Excerpts from a dataset
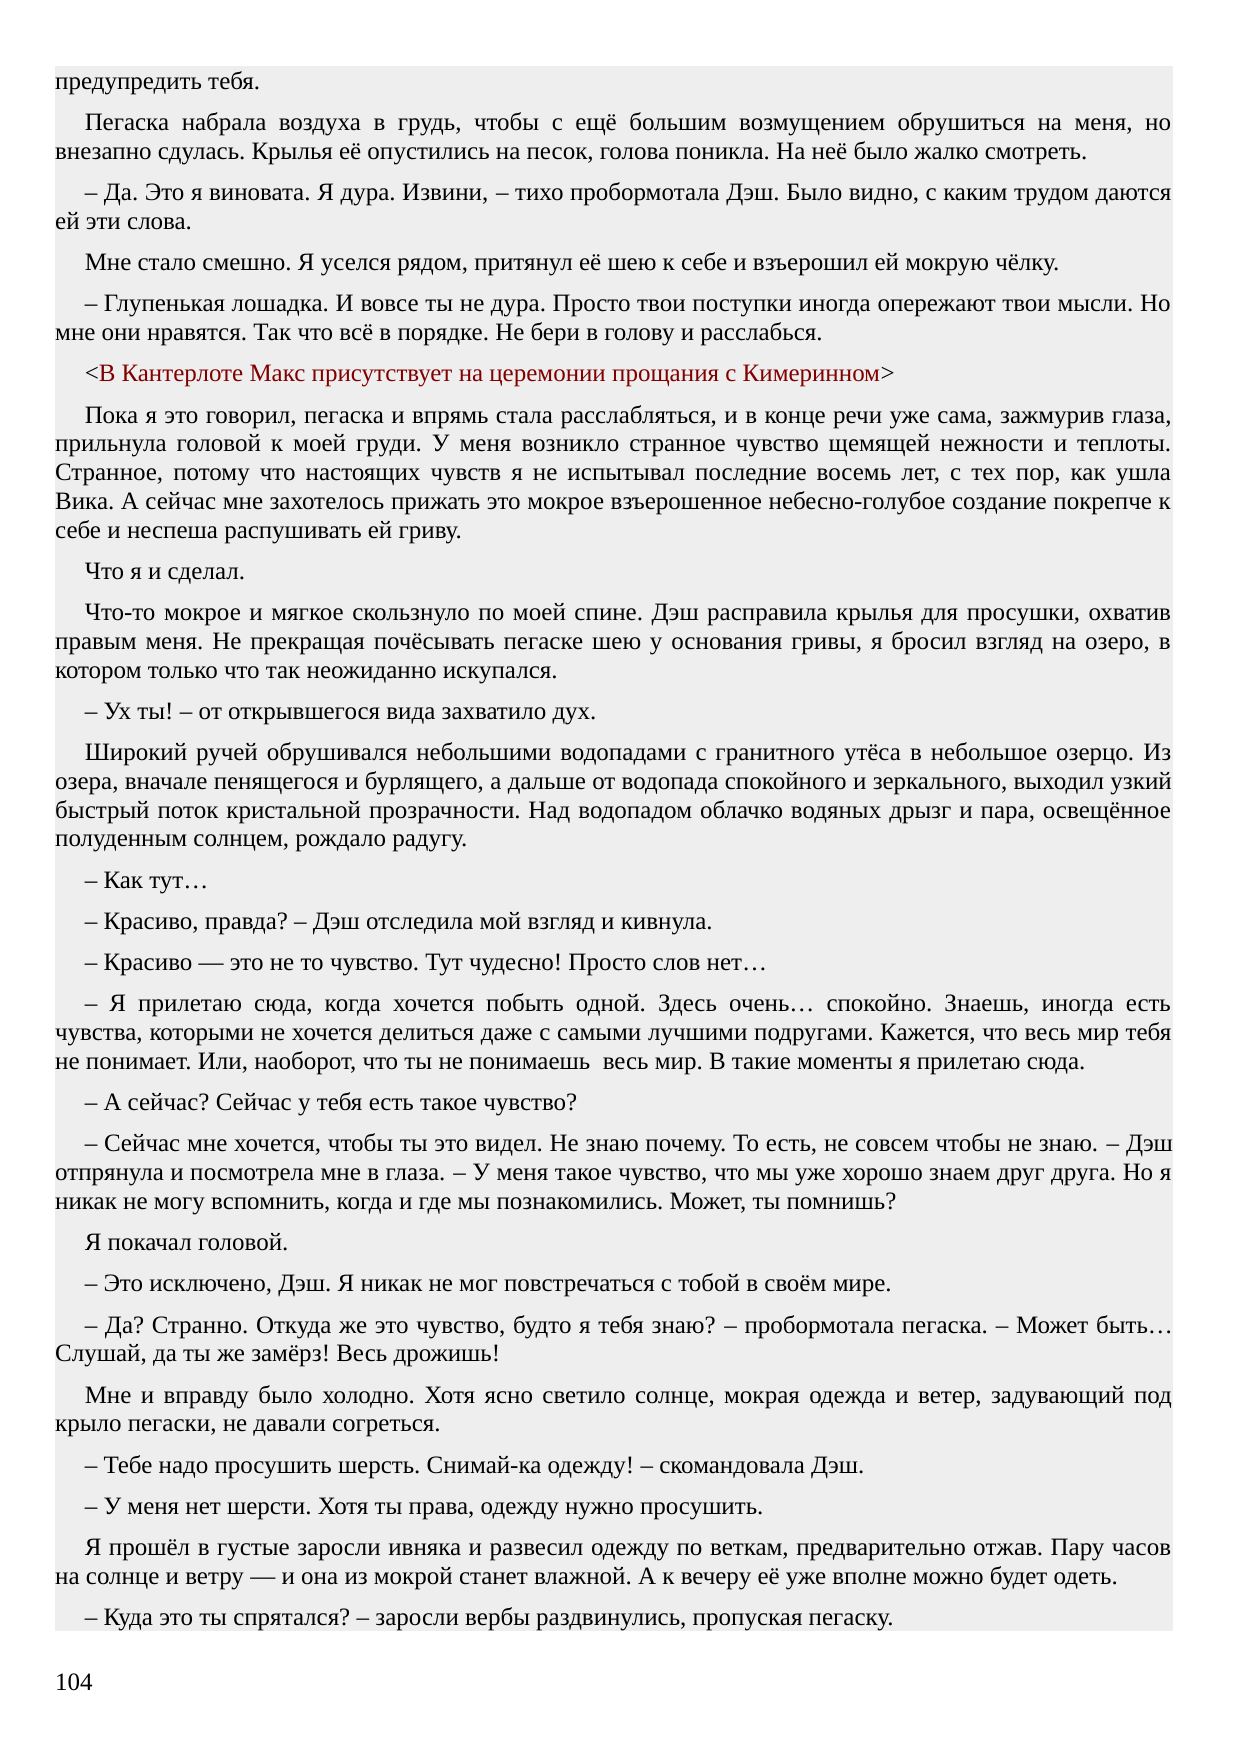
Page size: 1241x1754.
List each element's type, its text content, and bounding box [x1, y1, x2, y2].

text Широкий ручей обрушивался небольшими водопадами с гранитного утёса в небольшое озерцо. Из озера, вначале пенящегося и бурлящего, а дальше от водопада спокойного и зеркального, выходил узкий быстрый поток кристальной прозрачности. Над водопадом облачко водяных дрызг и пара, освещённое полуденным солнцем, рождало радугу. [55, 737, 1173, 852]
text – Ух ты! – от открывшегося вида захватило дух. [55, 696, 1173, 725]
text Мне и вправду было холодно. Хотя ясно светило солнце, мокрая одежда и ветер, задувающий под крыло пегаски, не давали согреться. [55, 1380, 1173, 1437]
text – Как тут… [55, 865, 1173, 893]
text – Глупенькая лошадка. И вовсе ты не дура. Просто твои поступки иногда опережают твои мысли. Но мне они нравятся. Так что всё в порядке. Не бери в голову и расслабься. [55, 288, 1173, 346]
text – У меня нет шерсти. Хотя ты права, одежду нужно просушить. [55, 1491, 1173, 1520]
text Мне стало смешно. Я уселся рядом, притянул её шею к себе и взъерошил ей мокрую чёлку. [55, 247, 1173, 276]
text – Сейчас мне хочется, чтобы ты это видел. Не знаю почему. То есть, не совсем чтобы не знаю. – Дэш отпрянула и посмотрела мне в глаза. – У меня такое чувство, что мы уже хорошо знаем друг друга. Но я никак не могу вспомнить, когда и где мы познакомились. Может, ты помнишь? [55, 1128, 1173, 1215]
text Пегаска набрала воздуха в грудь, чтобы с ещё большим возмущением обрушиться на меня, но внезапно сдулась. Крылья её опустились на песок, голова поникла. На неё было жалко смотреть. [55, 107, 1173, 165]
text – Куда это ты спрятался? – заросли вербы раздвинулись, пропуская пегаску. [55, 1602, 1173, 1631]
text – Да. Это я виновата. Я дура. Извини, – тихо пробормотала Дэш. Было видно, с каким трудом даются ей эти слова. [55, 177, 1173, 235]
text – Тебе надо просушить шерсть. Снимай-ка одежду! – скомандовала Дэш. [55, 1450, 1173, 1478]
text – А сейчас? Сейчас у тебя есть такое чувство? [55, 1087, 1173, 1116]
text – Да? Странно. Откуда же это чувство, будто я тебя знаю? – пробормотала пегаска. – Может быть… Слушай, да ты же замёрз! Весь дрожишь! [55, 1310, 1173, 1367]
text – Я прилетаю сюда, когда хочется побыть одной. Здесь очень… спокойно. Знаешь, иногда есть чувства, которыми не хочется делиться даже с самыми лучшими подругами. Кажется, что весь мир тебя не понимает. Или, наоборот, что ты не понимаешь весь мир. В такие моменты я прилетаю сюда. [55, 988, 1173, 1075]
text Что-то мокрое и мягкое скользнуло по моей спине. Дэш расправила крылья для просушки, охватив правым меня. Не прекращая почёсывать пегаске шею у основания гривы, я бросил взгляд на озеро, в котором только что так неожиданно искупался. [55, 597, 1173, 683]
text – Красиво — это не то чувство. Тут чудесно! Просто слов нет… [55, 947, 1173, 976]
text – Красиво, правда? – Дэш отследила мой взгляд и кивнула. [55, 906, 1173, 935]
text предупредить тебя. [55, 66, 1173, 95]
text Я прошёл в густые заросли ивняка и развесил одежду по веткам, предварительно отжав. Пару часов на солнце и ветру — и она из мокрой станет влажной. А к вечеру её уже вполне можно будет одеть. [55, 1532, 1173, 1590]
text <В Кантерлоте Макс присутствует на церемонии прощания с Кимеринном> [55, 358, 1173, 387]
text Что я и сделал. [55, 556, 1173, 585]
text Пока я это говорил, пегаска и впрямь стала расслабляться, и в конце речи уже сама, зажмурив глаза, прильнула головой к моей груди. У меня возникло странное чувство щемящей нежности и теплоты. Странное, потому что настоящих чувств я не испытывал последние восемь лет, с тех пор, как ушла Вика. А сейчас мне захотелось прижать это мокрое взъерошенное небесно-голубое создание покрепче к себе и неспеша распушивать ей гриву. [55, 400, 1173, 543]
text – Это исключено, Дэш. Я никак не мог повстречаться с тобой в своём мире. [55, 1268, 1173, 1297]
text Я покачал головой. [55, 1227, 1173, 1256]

...

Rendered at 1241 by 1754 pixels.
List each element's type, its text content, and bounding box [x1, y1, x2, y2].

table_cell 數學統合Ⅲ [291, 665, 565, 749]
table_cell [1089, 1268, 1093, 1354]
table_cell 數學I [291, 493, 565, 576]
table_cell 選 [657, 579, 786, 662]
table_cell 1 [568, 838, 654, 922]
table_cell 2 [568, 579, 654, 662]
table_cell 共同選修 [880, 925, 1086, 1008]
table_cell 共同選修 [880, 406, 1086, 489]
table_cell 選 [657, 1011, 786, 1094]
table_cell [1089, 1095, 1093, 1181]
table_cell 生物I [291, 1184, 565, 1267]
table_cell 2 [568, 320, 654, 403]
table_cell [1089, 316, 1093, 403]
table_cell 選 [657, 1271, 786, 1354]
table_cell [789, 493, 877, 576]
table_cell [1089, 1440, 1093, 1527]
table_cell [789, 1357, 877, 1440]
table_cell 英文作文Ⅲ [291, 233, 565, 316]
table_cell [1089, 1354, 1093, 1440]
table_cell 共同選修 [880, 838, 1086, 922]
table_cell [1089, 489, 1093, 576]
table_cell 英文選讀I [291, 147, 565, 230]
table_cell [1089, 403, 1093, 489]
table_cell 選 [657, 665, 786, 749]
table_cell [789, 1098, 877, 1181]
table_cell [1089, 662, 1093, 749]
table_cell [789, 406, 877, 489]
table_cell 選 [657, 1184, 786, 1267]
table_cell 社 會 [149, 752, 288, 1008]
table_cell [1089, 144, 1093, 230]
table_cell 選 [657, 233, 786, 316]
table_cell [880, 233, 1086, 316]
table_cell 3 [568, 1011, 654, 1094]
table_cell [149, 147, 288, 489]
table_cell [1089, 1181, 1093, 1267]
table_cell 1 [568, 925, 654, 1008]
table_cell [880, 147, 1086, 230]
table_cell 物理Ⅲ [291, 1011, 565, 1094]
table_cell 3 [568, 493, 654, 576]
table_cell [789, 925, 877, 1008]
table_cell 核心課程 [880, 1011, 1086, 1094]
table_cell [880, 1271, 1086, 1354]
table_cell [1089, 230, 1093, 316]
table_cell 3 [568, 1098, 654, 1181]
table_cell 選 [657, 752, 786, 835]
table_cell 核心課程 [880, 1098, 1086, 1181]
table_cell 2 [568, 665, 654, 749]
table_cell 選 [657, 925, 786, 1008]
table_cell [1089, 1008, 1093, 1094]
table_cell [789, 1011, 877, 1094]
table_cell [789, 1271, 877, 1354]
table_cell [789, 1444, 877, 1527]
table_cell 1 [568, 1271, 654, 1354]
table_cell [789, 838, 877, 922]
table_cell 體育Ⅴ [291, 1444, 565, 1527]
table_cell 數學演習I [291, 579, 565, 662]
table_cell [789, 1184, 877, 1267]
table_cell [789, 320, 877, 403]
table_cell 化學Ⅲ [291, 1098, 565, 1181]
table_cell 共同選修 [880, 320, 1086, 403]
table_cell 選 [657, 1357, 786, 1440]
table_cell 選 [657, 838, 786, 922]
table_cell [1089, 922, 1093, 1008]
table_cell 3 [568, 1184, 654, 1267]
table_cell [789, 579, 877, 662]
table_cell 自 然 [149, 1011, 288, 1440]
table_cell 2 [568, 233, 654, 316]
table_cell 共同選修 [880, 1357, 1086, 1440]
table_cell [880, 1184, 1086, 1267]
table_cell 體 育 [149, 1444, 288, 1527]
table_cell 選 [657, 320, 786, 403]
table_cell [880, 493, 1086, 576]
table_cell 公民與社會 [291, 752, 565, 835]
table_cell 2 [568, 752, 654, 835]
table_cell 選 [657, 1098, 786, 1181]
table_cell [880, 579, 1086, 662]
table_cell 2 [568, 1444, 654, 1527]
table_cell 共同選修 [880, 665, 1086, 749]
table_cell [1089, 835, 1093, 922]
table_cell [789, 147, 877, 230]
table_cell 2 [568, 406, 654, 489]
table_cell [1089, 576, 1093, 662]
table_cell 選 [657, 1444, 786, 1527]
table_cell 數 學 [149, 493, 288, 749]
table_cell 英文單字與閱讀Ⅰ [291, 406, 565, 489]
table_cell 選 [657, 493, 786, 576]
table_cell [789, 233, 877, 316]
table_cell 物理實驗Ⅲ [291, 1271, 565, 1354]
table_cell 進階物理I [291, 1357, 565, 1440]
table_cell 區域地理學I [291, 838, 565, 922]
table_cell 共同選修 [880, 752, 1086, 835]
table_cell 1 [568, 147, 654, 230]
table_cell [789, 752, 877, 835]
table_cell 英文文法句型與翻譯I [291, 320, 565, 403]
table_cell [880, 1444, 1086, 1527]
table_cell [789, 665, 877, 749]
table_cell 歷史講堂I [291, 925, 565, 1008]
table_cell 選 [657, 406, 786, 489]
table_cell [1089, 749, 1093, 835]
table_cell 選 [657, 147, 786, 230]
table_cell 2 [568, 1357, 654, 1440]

■ Prompt
Only the lines above from the line containing "table_cell 數學統合Ⅲ [291, 665, 565, 749]" through the line containing "table_cell 生物I [291, 1184, 565, 1267]" should be retyped, exactly and with both ends included.

■ Written response
table_cell 數學統合Ⅲ [291, 665, 565, 749]
table_cell [1089, 1268, 1093, 1354]
table_cell 數學I [291, 493, 565, 576]
table_cell 選 [657, 579, 786, 662]
table_cell 1 [568, 838, 654, 922]
table_cell 2 [568, 579, 654, 662]
table_cell 共同選修 [880, 925, 1086, 1008]
table_cell 共同選修 [880, 406, 1086, 489]
table_cell 選 [657, 1011, 786, 1094]
table_cell [1089, 1095, 1093, 1181]
table_cell 生物I [291, 1184, 565, 1267]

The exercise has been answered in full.